The Right One for Roderick, by Violeta Nay, has a very small ghost, Roderic, attempting to be just a little different from the rest of his ghost family. They are all much taller than him and they all wear white sheets. He tries wearing a hat or scarves but finds it just doesn’t fit what he’s looking for. What he does discover is that complying within the boundaries of a good life is what he really desires. That discovery was worth his exploration. The pictures are bright and completely fill the pages and were crafted digitally.
Hide and Seek, by Katie Moss Green, is an over-sized picture book that conveys the muted colors of greens and blues created with graphite and charcoal to present a nighttime gathering. As a large hanging moon shines, twin girls leave their picture framed and hung on the wall. When the rest of the children in their framed pictures discover they are left behind, they also leave in search of the twins. The atmosphere of the beautiful pictures fills each double page. This creates an enchanting and eerie mystery.
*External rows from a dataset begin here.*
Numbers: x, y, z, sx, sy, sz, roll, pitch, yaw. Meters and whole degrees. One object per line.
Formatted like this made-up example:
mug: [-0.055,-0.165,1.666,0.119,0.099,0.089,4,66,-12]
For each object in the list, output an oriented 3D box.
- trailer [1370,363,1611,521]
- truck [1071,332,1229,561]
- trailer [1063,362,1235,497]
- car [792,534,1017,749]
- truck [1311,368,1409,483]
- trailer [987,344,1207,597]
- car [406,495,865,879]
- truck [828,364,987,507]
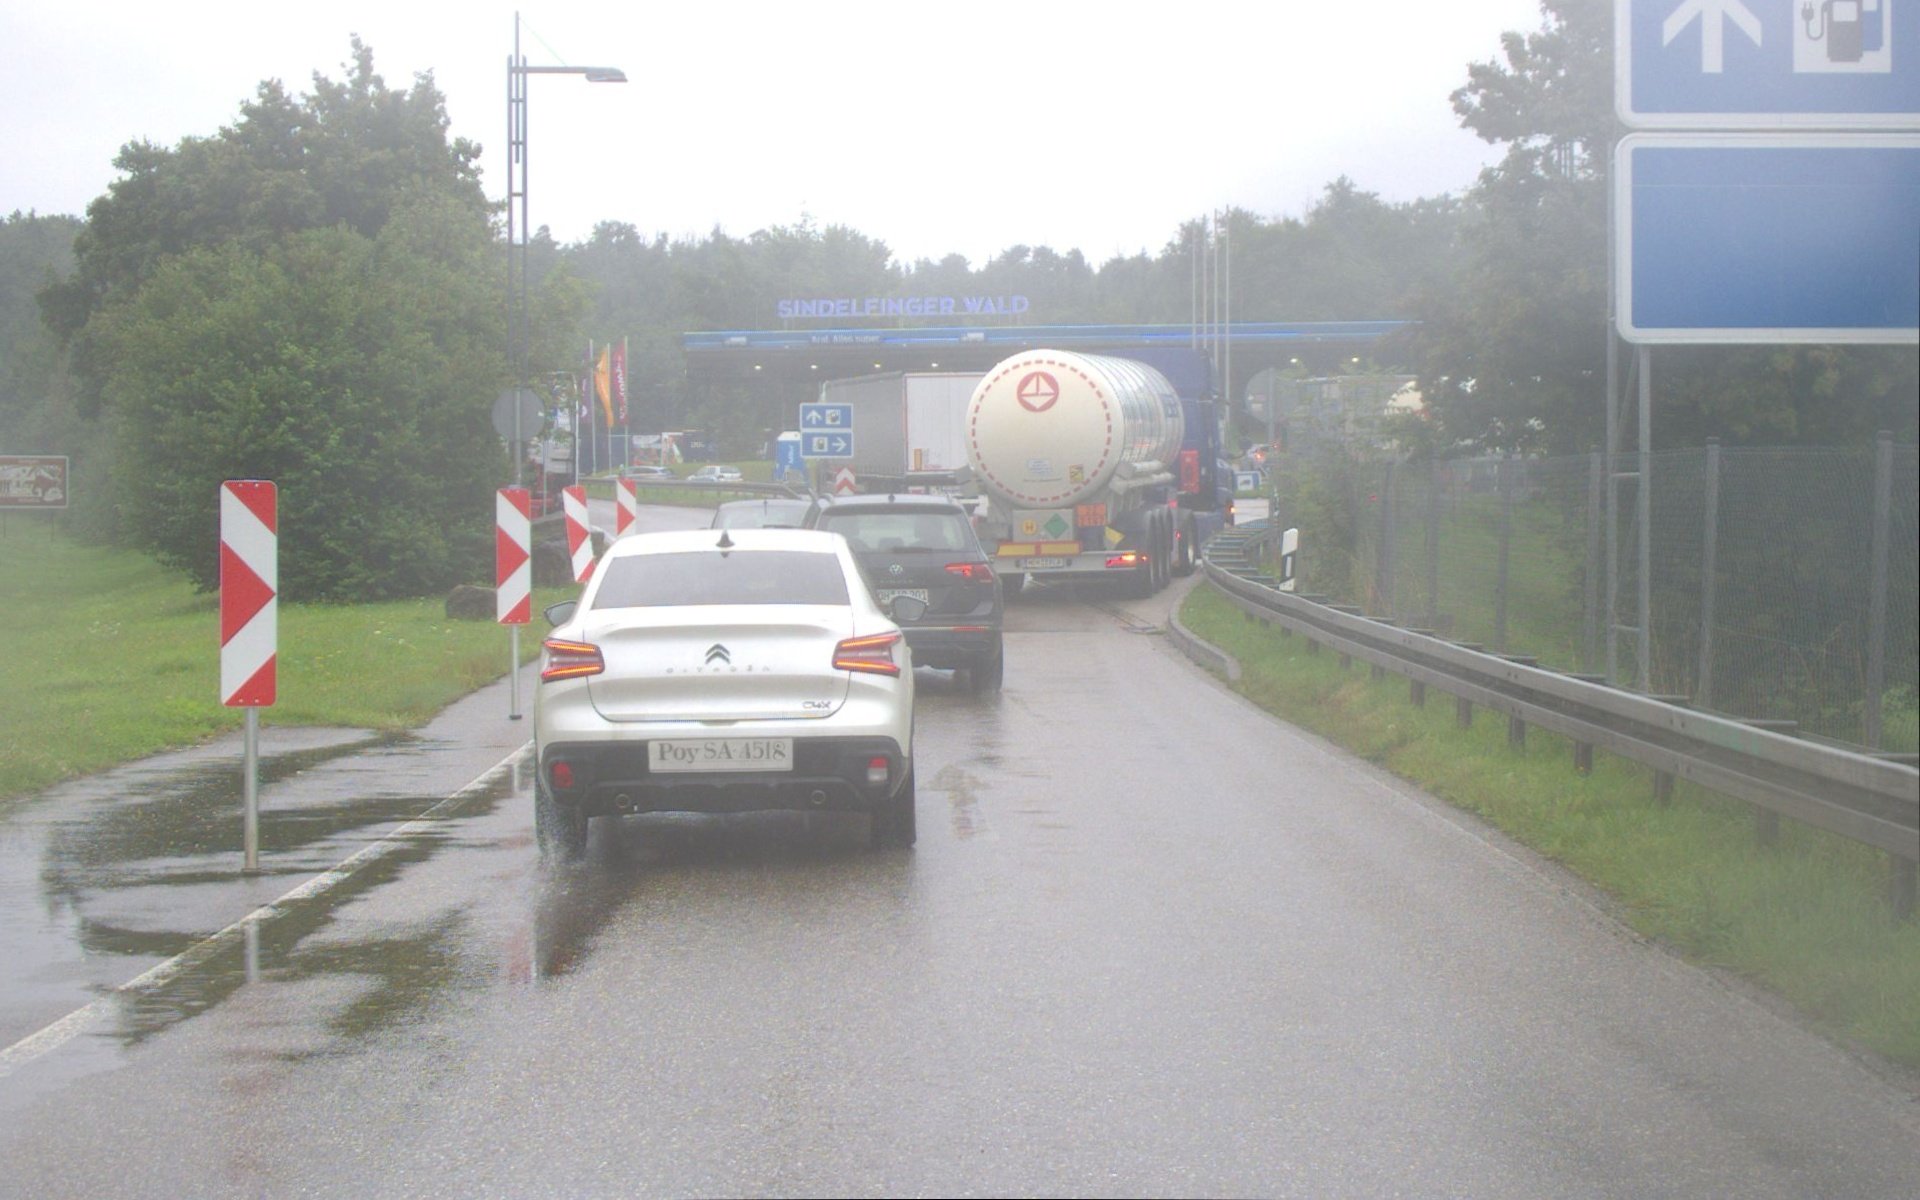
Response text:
trailer: [12.440,-3.686,79.647,2.134,3.428,10.238,1,3,29]
truck: [3.120,-2.482,55.578,2.053,3.518,4.745,0,3,9]
trailer: [6.038,-5.585,112.231,3.215,4.174,11.534,0,3,-9]
car: [-0.449,0.306,29.499,1.742,1.661,4.000,2,1,0]
truck: [13.620,-5.964,117.175,2.425,3.792,4.002,-2,4,-6]
trailer: [2.112,-1.891,49.031,1.981,3.213,10.319,0,3,9]
car: [-1.473,0.334,16.994,1.993,1.673,4.001,0,1,-2]
truck: [-1.660,-4.787,99.711,2.370,3.860,12.460,-2,3,-11]

There is just enough – and not too much – to spook the reader.
Clever Little Witch, by Muon Thi Van, and nicely painted with acrylic, gouache and colored pencils by Hyewon Yum, has little Lion dealing with a big problem. She loves being a magical witch. She has almost everything she needs including a wonderful broomstick and a magical pet mouse. But now she has a baby brother who cries way too much. She tries everything in her magical powers to get rid of him. But the biggest surprise waits just for her in the end!